Let $f(x)$ be a real-valued function on $\mathbb{R}$ such that $x^nf(x), n=0,1,2,\ldots$ are Lebesgue integrable.
Suppose $\int_{-\infty}^\infty x^n f(x) dx=0$ for all $n=0,1,2,\ldots. $
Does it follow that $f(x)=0$ almost everywhere?
Let $f(x)$ be a real-valued function on $\mathbb{R}$ such that $x^nf(x), n=0,1,2,\ldots$ are Lebesgue integrable.
Suppose $\int_{-\infty}^\infty x^n f(x) dx=0$ for all $n=0,1,2,\ldots. $
Does it follow that $f(x)=0$ almost everywhere?
No.
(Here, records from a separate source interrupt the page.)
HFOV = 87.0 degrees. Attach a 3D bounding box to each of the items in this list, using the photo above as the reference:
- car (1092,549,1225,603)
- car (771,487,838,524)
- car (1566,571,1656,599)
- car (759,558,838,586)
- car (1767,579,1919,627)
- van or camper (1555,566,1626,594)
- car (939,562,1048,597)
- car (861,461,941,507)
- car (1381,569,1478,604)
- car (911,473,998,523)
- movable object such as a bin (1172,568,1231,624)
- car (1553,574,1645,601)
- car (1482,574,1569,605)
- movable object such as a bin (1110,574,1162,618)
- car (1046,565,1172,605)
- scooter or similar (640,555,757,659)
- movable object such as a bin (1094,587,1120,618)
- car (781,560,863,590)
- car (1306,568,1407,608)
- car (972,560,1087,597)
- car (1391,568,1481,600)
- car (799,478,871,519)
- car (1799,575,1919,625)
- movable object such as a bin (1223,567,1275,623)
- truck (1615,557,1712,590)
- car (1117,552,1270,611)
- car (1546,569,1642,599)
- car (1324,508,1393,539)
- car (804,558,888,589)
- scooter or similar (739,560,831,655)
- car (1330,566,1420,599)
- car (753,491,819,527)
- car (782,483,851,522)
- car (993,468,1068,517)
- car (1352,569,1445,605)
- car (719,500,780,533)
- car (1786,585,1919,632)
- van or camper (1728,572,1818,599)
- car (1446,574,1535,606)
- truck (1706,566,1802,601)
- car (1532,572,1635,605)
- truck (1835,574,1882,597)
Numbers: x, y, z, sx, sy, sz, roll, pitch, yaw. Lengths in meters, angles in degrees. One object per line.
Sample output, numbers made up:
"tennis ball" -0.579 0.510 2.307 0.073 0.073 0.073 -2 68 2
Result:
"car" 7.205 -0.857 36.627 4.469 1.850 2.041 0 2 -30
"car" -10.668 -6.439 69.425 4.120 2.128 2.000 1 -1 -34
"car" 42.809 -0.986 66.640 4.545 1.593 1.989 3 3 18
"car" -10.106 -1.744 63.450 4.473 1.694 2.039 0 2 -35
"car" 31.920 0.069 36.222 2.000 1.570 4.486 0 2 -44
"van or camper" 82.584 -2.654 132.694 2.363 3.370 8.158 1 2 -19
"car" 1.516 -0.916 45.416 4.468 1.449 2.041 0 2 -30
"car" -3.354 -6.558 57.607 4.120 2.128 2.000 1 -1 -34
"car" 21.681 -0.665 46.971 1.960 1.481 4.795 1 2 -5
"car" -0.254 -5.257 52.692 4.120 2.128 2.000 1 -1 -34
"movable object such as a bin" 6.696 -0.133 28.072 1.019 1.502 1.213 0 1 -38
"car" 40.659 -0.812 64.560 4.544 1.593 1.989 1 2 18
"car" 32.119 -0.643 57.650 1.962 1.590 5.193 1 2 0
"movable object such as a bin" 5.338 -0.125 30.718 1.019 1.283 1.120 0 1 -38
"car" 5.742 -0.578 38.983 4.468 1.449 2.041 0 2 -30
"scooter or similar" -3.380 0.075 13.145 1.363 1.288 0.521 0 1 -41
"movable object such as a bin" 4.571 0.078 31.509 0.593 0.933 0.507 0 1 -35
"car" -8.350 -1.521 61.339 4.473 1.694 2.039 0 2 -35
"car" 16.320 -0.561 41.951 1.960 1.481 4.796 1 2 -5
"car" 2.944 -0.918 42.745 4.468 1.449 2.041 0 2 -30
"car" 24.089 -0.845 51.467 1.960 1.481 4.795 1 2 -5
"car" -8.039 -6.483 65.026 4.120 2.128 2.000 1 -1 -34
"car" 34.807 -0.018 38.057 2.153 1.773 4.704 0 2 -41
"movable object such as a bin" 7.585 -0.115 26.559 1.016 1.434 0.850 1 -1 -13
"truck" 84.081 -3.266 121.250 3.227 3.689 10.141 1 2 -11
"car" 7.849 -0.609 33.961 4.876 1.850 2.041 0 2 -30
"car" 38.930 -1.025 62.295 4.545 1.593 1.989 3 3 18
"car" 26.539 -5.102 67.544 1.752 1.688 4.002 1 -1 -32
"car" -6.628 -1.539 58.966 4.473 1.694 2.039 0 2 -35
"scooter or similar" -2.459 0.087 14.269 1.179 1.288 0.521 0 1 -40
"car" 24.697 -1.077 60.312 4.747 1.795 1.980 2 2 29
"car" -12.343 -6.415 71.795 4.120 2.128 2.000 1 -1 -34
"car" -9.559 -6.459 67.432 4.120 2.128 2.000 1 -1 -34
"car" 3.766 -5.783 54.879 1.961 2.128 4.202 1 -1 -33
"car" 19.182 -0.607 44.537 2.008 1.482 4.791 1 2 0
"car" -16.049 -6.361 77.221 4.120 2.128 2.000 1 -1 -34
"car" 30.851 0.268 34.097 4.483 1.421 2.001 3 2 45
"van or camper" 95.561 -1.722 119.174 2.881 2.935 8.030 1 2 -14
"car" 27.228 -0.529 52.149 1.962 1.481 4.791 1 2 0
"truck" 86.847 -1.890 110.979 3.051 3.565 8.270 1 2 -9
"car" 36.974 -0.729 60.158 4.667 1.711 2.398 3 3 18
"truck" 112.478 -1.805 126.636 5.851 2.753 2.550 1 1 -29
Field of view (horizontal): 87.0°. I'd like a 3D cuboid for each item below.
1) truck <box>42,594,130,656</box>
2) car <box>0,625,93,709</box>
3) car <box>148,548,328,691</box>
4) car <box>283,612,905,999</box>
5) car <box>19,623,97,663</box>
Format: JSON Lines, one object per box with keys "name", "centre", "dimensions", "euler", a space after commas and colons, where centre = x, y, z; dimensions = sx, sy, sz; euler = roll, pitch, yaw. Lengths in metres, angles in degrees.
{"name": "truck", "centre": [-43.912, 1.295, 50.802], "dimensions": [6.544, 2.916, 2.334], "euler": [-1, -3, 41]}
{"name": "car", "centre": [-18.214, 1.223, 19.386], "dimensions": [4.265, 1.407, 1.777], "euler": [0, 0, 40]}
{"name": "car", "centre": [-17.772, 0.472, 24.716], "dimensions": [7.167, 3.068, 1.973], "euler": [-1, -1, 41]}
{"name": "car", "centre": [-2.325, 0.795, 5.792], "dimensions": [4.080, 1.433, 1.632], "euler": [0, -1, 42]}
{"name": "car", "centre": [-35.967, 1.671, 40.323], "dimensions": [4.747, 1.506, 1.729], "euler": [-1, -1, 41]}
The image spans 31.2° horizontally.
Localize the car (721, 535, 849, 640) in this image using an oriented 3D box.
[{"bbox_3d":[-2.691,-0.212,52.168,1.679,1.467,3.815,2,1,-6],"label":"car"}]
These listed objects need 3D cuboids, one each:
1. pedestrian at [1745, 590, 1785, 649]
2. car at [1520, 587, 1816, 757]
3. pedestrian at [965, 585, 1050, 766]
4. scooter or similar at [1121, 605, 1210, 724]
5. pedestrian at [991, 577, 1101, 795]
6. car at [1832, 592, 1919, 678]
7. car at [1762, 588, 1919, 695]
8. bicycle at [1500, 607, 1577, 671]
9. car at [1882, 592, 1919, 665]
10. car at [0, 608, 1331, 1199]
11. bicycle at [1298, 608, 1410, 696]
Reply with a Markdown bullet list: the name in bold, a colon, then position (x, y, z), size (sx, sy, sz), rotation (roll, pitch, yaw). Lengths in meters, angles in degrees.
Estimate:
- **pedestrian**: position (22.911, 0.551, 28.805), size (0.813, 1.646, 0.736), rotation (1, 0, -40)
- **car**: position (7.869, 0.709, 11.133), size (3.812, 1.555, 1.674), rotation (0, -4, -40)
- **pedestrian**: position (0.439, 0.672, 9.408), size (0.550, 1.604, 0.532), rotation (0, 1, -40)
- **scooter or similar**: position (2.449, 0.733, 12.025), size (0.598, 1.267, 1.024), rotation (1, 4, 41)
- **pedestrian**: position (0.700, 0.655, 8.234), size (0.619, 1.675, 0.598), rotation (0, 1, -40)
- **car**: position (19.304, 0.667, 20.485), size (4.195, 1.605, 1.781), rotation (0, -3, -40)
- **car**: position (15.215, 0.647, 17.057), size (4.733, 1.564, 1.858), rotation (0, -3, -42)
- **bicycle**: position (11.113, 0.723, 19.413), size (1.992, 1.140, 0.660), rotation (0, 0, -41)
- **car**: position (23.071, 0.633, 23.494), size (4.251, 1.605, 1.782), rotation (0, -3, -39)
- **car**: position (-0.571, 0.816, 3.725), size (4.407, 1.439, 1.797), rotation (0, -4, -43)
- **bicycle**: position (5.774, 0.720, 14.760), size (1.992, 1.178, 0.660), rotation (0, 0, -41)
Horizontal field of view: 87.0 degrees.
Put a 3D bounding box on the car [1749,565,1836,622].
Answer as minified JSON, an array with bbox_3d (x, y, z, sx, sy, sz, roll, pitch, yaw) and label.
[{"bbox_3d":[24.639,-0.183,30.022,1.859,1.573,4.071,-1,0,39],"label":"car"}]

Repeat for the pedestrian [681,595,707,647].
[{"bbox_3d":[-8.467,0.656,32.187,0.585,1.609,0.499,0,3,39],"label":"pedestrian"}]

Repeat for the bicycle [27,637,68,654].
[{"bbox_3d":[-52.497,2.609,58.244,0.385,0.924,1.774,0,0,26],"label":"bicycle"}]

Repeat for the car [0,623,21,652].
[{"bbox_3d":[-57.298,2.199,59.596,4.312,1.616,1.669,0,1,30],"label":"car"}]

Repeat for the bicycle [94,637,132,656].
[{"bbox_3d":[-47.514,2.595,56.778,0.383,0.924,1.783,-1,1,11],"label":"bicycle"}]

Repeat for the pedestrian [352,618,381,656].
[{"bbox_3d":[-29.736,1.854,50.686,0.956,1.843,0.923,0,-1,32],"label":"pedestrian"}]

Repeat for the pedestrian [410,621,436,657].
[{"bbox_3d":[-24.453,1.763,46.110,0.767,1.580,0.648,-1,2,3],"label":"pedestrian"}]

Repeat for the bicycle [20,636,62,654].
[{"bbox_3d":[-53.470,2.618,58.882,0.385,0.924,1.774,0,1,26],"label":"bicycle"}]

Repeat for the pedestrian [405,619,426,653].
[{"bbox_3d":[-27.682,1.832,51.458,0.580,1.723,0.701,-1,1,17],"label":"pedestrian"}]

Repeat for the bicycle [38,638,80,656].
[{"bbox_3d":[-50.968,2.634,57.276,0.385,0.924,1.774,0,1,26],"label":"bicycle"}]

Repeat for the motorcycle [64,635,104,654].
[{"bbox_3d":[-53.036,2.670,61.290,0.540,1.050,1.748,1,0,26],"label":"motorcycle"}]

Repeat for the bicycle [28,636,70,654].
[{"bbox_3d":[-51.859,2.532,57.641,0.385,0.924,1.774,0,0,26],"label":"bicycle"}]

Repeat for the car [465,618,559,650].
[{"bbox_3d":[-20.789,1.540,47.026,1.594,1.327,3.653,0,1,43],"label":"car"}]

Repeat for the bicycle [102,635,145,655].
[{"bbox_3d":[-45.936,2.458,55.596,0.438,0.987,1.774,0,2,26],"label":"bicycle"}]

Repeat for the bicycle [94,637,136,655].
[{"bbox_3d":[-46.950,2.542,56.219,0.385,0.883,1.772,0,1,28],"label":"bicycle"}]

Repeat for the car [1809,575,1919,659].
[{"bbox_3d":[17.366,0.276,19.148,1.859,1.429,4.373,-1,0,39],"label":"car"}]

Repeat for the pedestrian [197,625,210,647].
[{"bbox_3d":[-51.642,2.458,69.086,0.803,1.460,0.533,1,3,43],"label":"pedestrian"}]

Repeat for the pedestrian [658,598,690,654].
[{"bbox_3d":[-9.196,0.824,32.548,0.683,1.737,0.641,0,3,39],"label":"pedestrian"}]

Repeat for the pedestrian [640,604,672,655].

This can be seen via Fourier transform.
Let $f$ be such that for the Fourier transform $\hat f$ it holds that for all $n$ \begin{equation*} \hat f^{(n)}(0) = 0. \end{equation*} Note that this does not imply that $f$ itself is zero since there are infinitely flat functions. By using the rules for Fourier transforms and derivatives you see that $\int x^n f(x) dx = 0$ for all $n$.
One application of such functions with infinitely many vanishing moment is the construction of infinitely regualel orthonomal wavelet bases (see, e.g., the Meyer wavelet).